ASSIGNMENT:
From first line to last, output the records below exactly.

RECORDS FOR PROCESSING:

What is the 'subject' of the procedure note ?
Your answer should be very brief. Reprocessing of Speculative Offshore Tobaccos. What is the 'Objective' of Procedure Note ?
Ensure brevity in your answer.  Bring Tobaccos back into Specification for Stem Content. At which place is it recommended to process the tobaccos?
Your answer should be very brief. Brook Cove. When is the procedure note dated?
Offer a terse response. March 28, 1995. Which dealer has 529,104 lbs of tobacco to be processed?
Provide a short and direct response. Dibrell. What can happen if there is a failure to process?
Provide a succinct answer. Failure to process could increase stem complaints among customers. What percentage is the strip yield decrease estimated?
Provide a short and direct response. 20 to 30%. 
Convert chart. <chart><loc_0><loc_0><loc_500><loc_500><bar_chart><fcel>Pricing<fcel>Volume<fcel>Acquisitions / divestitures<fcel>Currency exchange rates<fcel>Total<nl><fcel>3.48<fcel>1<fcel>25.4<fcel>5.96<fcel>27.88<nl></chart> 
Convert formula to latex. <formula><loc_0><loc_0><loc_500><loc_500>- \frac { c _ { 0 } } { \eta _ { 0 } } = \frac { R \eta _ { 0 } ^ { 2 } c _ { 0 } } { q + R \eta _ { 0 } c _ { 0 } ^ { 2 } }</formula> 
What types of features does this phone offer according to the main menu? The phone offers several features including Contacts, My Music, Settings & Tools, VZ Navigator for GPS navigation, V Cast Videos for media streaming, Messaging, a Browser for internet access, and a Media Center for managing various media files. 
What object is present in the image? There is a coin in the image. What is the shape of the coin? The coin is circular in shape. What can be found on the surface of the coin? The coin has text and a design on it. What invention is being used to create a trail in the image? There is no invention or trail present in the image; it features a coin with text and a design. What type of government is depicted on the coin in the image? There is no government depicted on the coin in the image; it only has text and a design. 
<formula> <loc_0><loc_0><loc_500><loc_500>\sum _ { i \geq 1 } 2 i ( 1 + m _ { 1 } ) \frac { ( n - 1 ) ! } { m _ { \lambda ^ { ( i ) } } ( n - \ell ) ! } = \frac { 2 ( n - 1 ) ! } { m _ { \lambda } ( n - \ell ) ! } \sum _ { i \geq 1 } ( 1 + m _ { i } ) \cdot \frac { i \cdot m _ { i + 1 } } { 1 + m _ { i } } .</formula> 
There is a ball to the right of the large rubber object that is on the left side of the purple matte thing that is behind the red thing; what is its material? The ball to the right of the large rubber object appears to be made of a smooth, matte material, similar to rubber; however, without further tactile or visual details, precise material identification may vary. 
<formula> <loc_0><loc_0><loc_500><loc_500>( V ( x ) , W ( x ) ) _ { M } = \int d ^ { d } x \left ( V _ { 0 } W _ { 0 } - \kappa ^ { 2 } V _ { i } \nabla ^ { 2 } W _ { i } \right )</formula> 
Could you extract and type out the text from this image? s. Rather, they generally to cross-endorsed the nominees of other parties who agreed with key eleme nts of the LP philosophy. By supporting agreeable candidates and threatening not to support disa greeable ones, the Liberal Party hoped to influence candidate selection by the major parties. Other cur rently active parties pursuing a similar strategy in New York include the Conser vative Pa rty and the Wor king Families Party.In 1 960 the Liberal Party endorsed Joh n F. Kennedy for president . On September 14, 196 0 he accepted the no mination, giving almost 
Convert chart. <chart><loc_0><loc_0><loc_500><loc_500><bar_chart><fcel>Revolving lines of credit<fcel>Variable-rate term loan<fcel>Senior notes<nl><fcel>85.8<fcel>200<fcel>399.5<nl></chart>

SOLVED PROBLEM:
What is the 'subject' of the procedure note ?
Your answer should be very brief. Reprocessing of Speculative Offshore Tobaccos. What is the 'Objective' of Procedure Note ?
Ensure brevity in your answer.  Bring Tobaccos back into Specification for Stem Content. At which place is it recommended to process the tobaccos?
Your answer should be very brief. Brook Cove. When is the procedure note dated?
Offer a terse response. March 28, 1995. Which dealer has 529,104 lbs of tobacco to be processed?
Provide a short and direct response. Dibrell. What can happen if there is a failure to process?
Provide a succinct answer. Failure to process could increase stem complaints among customers. What percentage is the strip yield decrease estimated?
Provide a short and direct response. 20 to 30%. 
Convert chart. <chart><loc_0><loc_0><loc_500><loc_500><bar_chart><fcel>Pricing<fcel>Volume<fcel>Acquisitions / divestitures<fcel>Currency exchange rates<fcel>Total<nl><fcel>3.48<fcel>1<fcel>25.4<fcel>5.96<fcel>27.88<nl></chart> 
Convert formula to latex. <formula><loc_0><loc_0><loc_500><loc_500>- \frac { c _ { 0 } } { \eta _ { 0 } } = \frac { R \eta _ { 0 } ^ { 2 } c _ { 0 } } { q + R \eta _ { 0 } c _ { 0 } ^ { 2 } }</formula> 
What types of features does this phone offer according to the main menu? The phone offers several features including Contacts, My Music, Settings & Tools, VZ Navigator for GPS navigation, V Cast Videos for media streaming, Messaging, a Browser for internet access, and a Media Center for managing various media files. 
What object is present in the image? There is a coin in the image. What is the shape of the coin? The coin is circular in shape. What can be found on the surface of the coin? The coin has text and a design on it. What invention is being used to create a trail in the image? There is no invention or trail present in the image; it features a coin with text and a design. What type of government is depicted on the coin in the image? There is no government depicted on the coin in the image; it only has text and a design. 
<formula> <loc_0><loc_0><loc_500><loc_500>\sum _ { i \geq 1 } 2 i ( 1 + m _ { 1 } ) \frac { ( n - 1 ) ! } { m _ { \lambda ^ { ( i ) } } ( n - \ell ) ! } = \frac { 2 ( n - 1 ) ! } { m _ { \lambda } ( n - \ell ) ! } \sum _ { i \geq 1 } ( 1 + m _ { i } ) \cdot \frac { i \cdot m _ { i + 1 } } { 1 + m _ { i } } .</formula> 
There is a ball to the right of the large rubber object that is on the left side of the purple matte thing that is behind the red thing; what is its material? The ball to the right of the large rubber object appears to be made of a smooth, matte material, similar to rubber; however, without further tactile or visual details, precise material identification may vary. 
<formula> <loc_0><loc_0><loc_500><loc_500>( V ( x ) , W ( x ) ) _ { M } = \int d ^ { d } x \left ( V _ { 0 } W _ { 0 } - \kappa ^ { 2 } V _ { i } \nabla ^ { 2 } W _ { i } \right )</formula> 
Could you extract and type out the text from this image? s. Rather, they generally to cross-endorsed the nominees of other parties who agreed with key eleme nts of the LP philosophy. By supporting agreeable candidates and threatening not to support disa greeable ones, the Liberal Party hoped to influence candidate selection by the major parties. Other cur rently active parties pursuing a similar strategy in New York include the Conser vative Pa rty and the Wor king Families Party.In 1 960 the Liberal Party endorsed Joh n F. Kennedy for president . On September 14, 196 0 he accepted the no mination, giving almost 
Convert chart. <chart><loc_0><loc_0><loc_500><loc_500><bar_chart><fcel>Revolving lines of credit<fcel>Variable-rate term loan<fcel>Senior notes<nl><fcel>85.8<fcel>200<fcel>399.5<nl></chart>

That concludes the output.